La grieta ha sido una constante en la historia política y social. No solo refleja una disputa de intereses, sino que es mucho más. Es el reconocimiento de que, en toda sociedad, existen tensiones naturales entre diversos sectores, lo cual no debería asustarnos. Los conflictos han existido desde el inicio de la humanidad y negar su existencia, especialmente en política, es un error.
Hoy vivimos en un contexto en el que uno de los tantos conflictos sociales se profundizó con el gobierno de Javier Milei. Si bien no comenzó con él, su gestión ha legitimado una dinámica peligrosa: la crueldad como norma aceptable. Este fenómeno ha llevado a una sociedad donde el desprecio hacia quienes piensan distinto se percibe como un comportamiento válido.
El triunfo de Milei marcó una derrota para el campo nacional y popular, pero también para quienes creemos en la construcción de una comunidad basada en la igualdad y la justicia social. Este gobierno, elegido democráticamente, se caracteriza por la violencia en su discurso y en sus acciones. Desde las promesas de campaña hasta las políticas implementadas, se fomenta una fragmentación social que va más allá de las preferencias políticas.

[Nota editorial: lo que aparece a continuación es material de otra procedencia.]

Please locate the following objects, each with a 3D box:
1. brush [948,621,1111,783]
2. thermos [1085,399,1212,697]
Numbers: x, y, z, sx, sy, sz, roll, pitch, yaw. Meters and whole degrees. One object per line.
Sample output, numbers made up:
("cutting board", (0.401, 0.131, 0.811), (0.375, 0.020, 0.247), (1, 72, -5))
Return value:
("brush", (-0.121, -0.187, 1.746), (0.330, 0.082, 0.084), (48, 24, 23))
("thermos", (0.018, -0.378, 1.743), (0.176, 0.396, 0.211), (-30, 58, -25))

La violencia no es solo discursiva; también se manifiesta en las políticas económicas que ahondan las desigualdades. Mientras una mayoría lucha por sobrevivir, una minoría concentra los privilegios. Esto genera una sociedad dividida, no solo por ideologías, sino también por las condiciones materiales.
Además, las decisiones políticas refuerzan esta fragmentación. Por ejemplo, el veto presidencial a leyes aprobadas democráticamente en el Congreso o los constantes señalamientos sobre «enemigos» de la nación son actos de violencia institucional. Estas prácticas fomentan un ambiente de hostilidad que se refleja en todos los niveles sociales.

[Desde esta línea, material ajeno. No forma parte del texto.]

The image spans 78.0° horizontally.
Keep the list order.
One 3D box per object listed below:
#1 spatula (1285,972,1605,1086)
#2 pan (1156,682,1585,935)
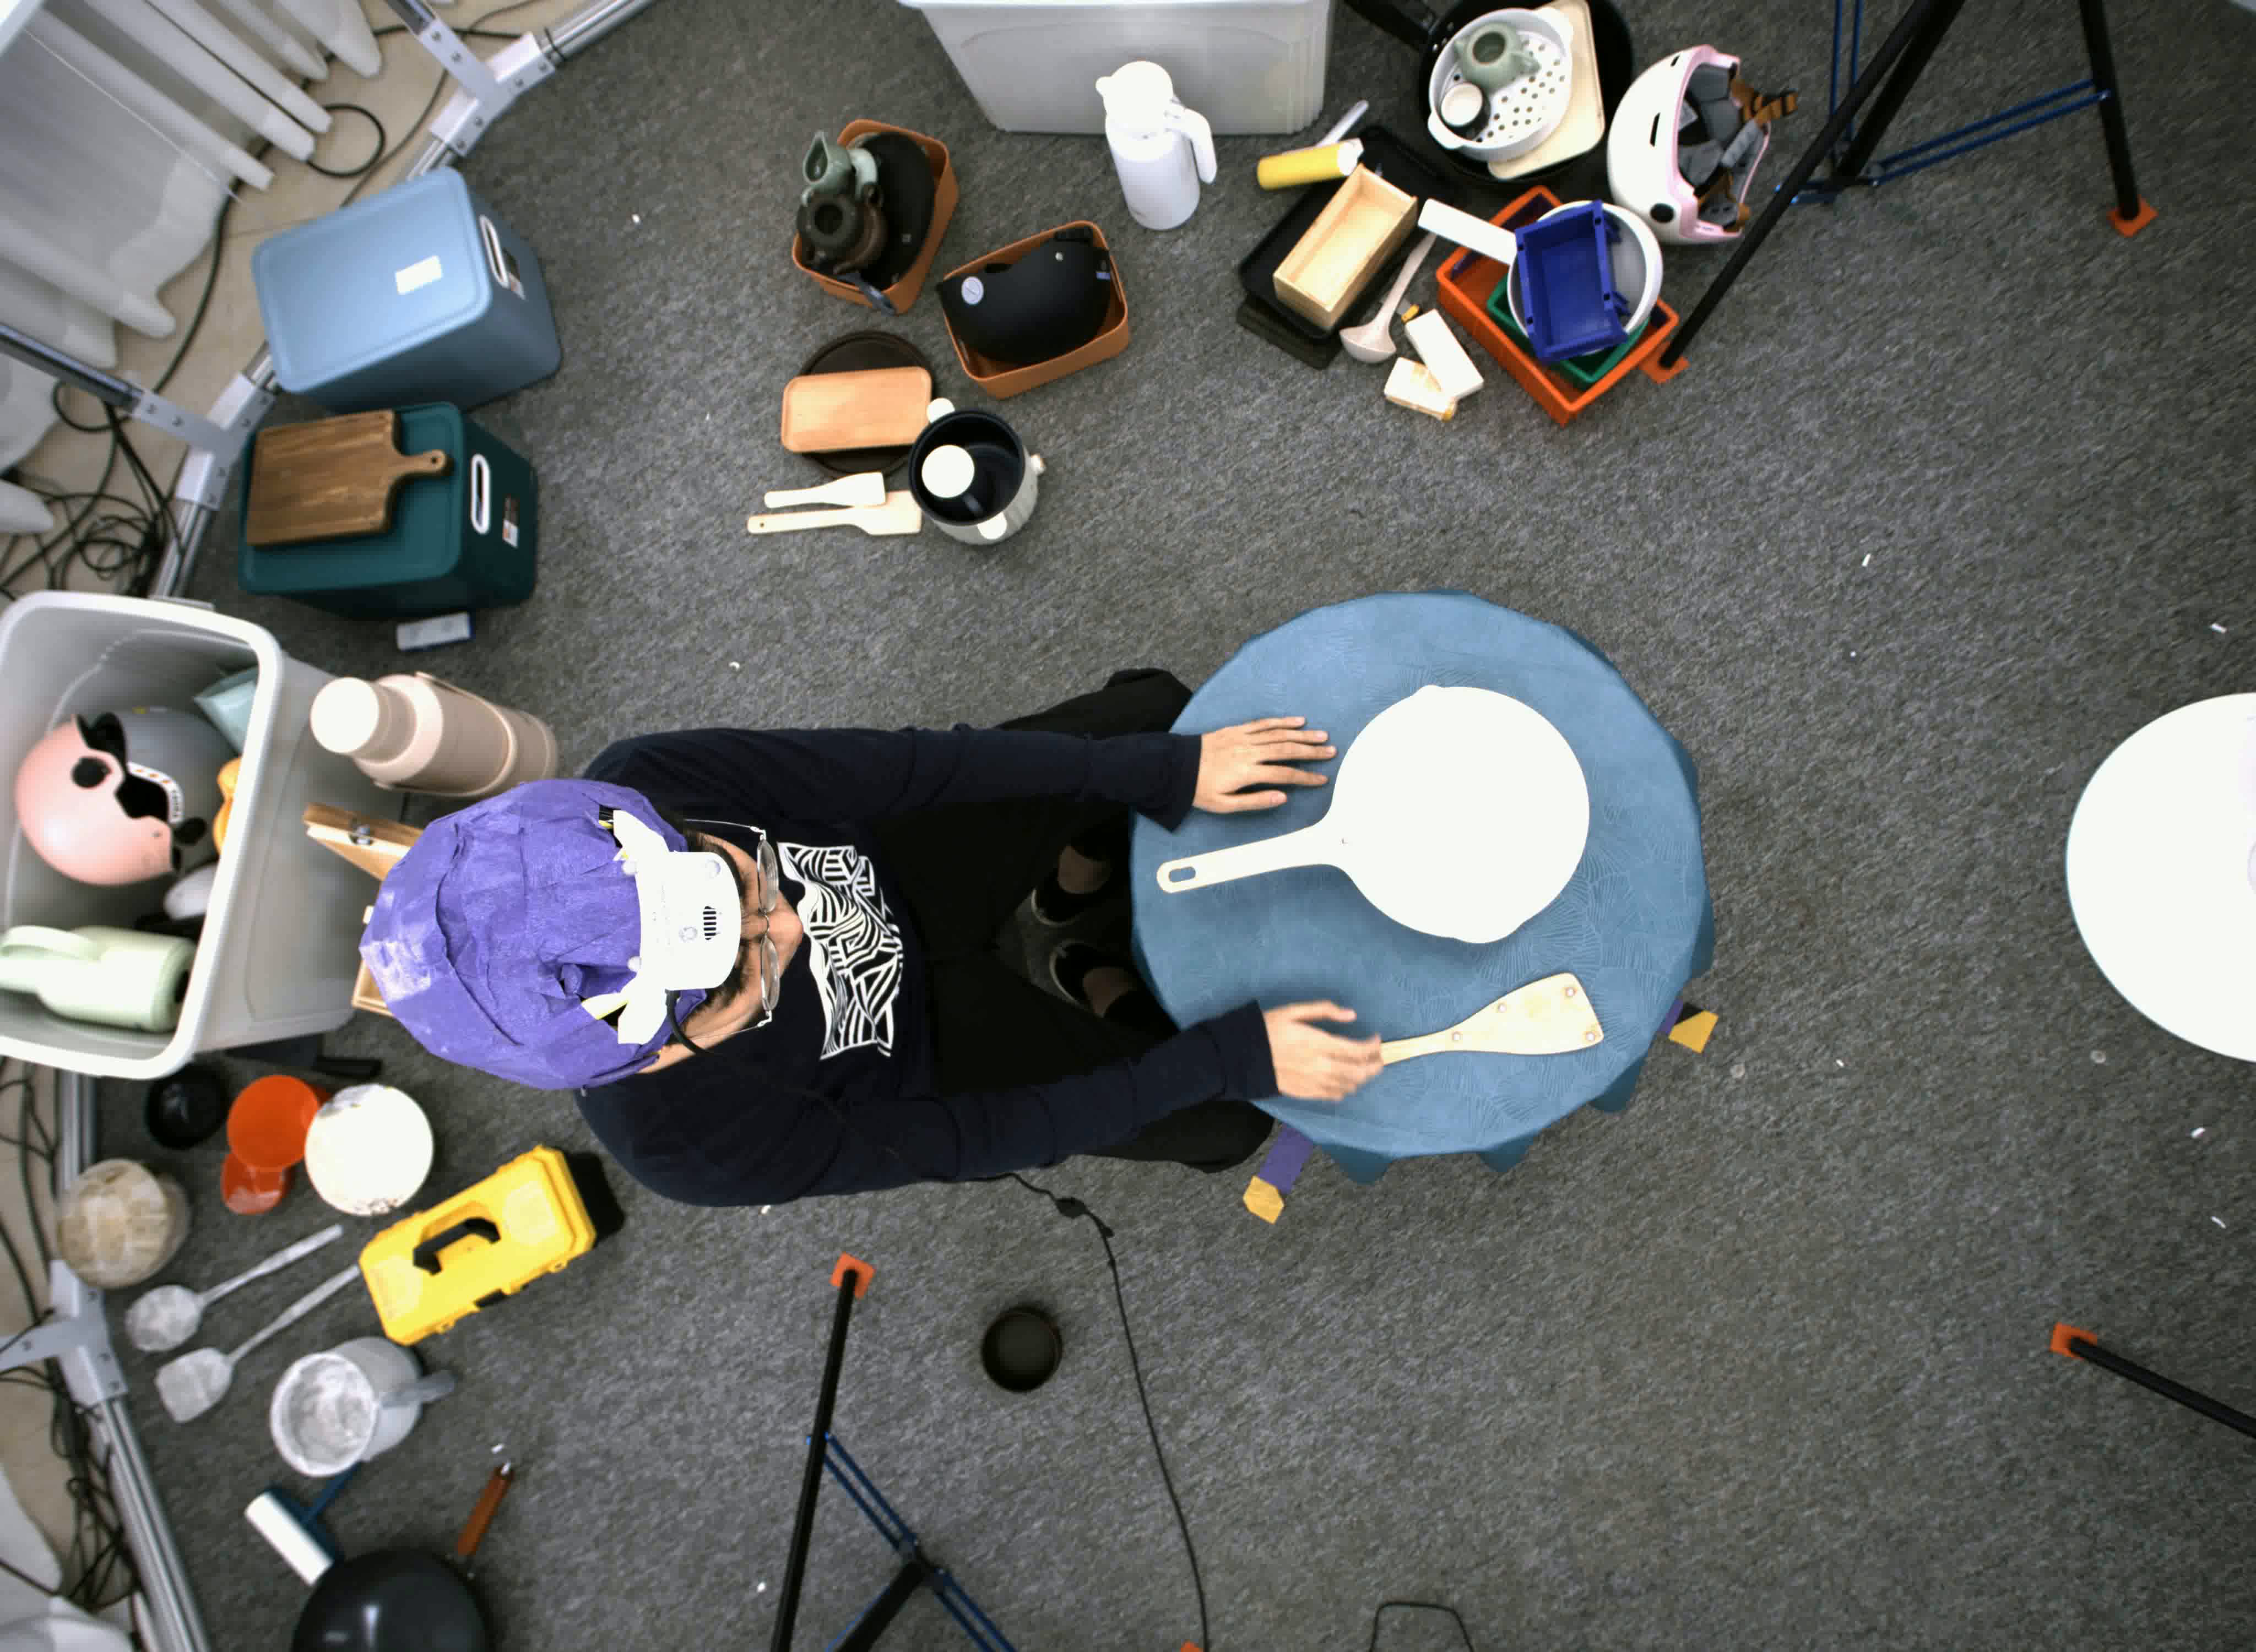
[{"bbox_3d":[0.323,0.221,1.434,0.329,0.016,0.079,-15,84,10],"label":"spatula"},{"bbox_3d":[0.245,0.005,1.420,0.437,0.102,0.262,-15,84,10],"label":"pan"}]

Ejemplos concretos de esta realidad no faltan. Desde incidentes en un campo de golf, donde una mujer agredió a otra simplemente por tomar mate, hasta enfrentamientos en barrios como Palermo, donde se insulta y discrimina a quienes se manifiestan con banderas de Palestina, la violencia atraviesa el tejido social.
Esta situación no es casual. La pobreza, que afecta al 60% de la población y al 65% de los niños menores de 16 años, también es una forma de violencia. Una sociedad que permite que su infancia pase hambre es, sin duda, una sociedad violenta. Esta violencia se suma a la legitimación de atentados como el intento de asesinato de la vicepresidenta.

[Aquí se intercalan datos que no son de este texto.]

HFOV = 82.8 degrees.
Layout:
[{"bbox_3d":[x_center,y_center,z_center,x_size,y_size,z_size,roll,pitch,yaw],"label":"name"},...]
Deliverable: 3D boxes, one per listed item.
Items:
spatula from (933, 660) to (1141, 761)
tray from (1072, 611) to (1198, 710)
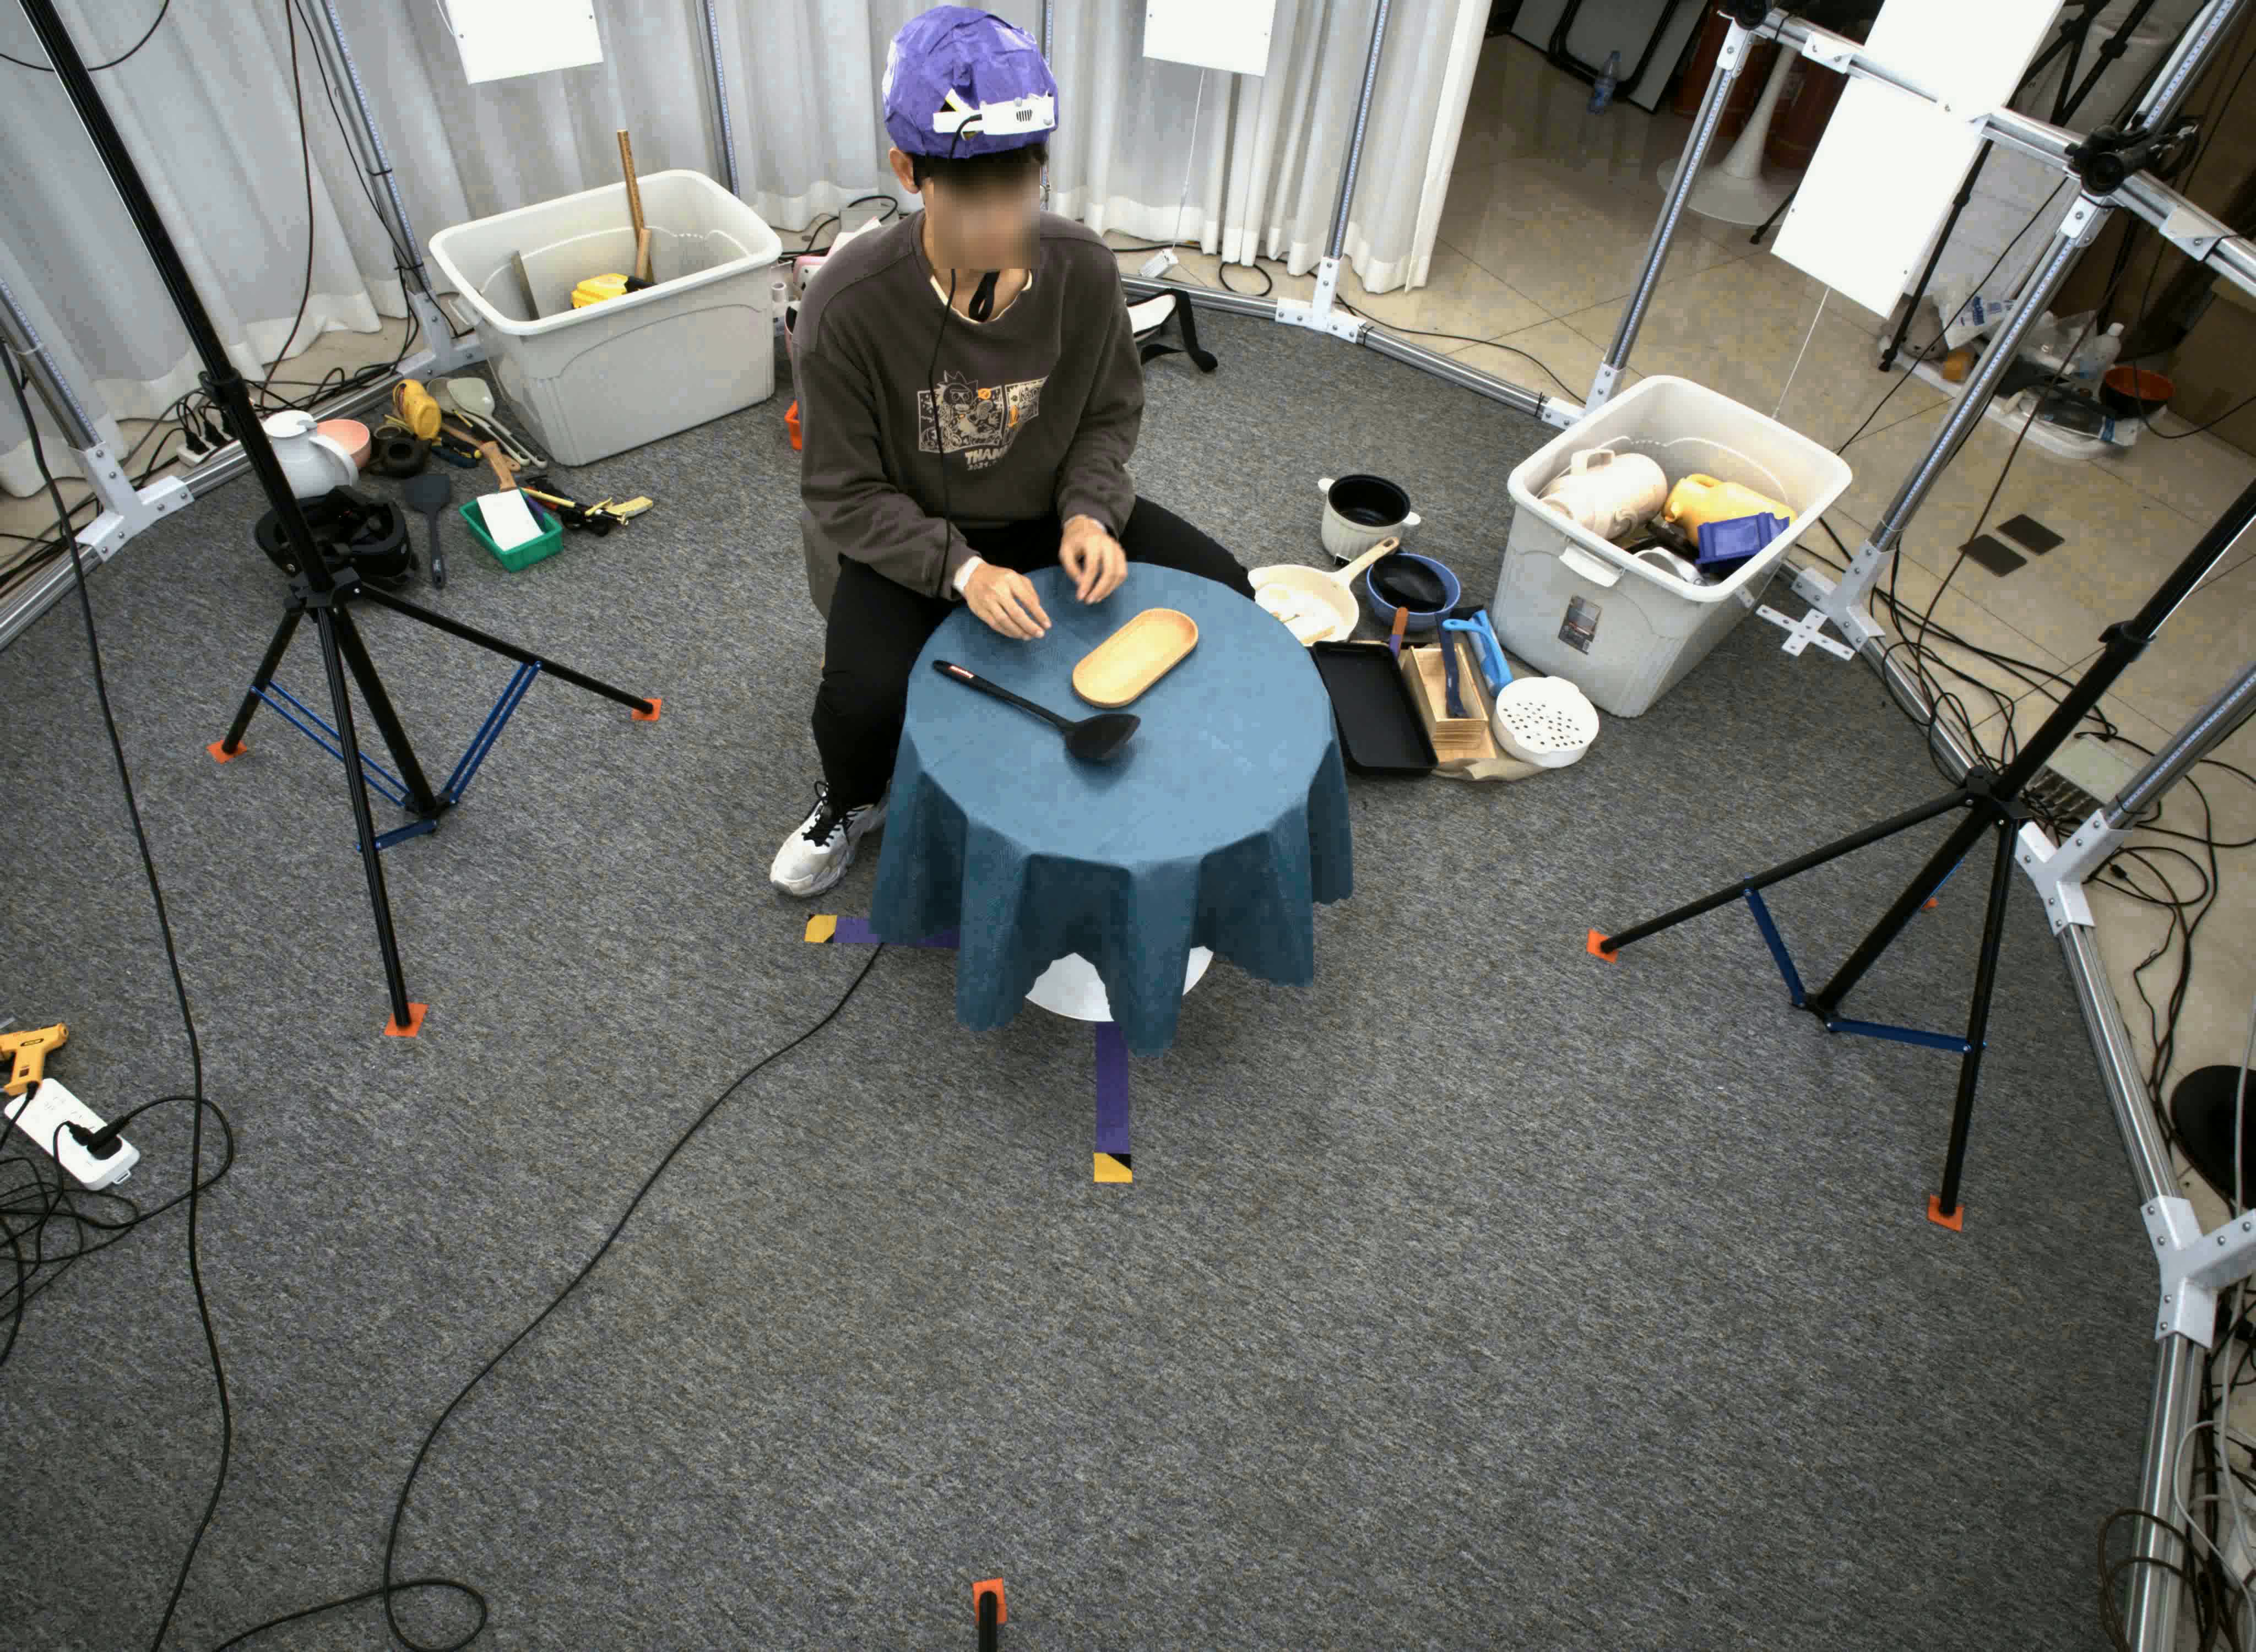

El panorama es desolador: fragmentación económica, social y laboral. Mientras tanto, sectores políticos e institucionales parecen más preocupados por mantener sus privilegios que por atender las demandas de la ciudadanía. La política se une en acuerdos que perpetúan esta desigualdad, mientras la mayoría lucha por sobrevivir.
En este contexto, es esencial comprender que no estamos ante una simple crisis económica, sino frente a una crisis política profunda. Lo económico es el síntoma de un saqueo sistemático, pero la verdadera raíz del problema radica en la falta de un proyecto político inclusivo.
La batalla cultural no se libra con encuestas ni estadísticas, sino con la construcción de ciudadanos y ciudadanas conscientes de sus derechos. Es fundamental dejar de naturalizar la precarización de la vida y exigir condiciones dignas. No se trata solo de sobrevivir, sino de vivir plenamente.
Como sociedad, debemos interpelarnos y asumir un rol activo en la construcción de un país más justo. Esto implica no aceptar las narrativas que intentan silenciar los conflictos y conformarnos con migajas. Es hora de reconocer que merecemos más.
La Argentina que vivimos hoy no es la que merecemos. Es momento de transformar esta realidad y luchar por una comunidad basada en la justicia, la igualdad y el respeto mutuo. La batalla cultural es, en última instancia, una batalla por nuestra dignidad colectiva.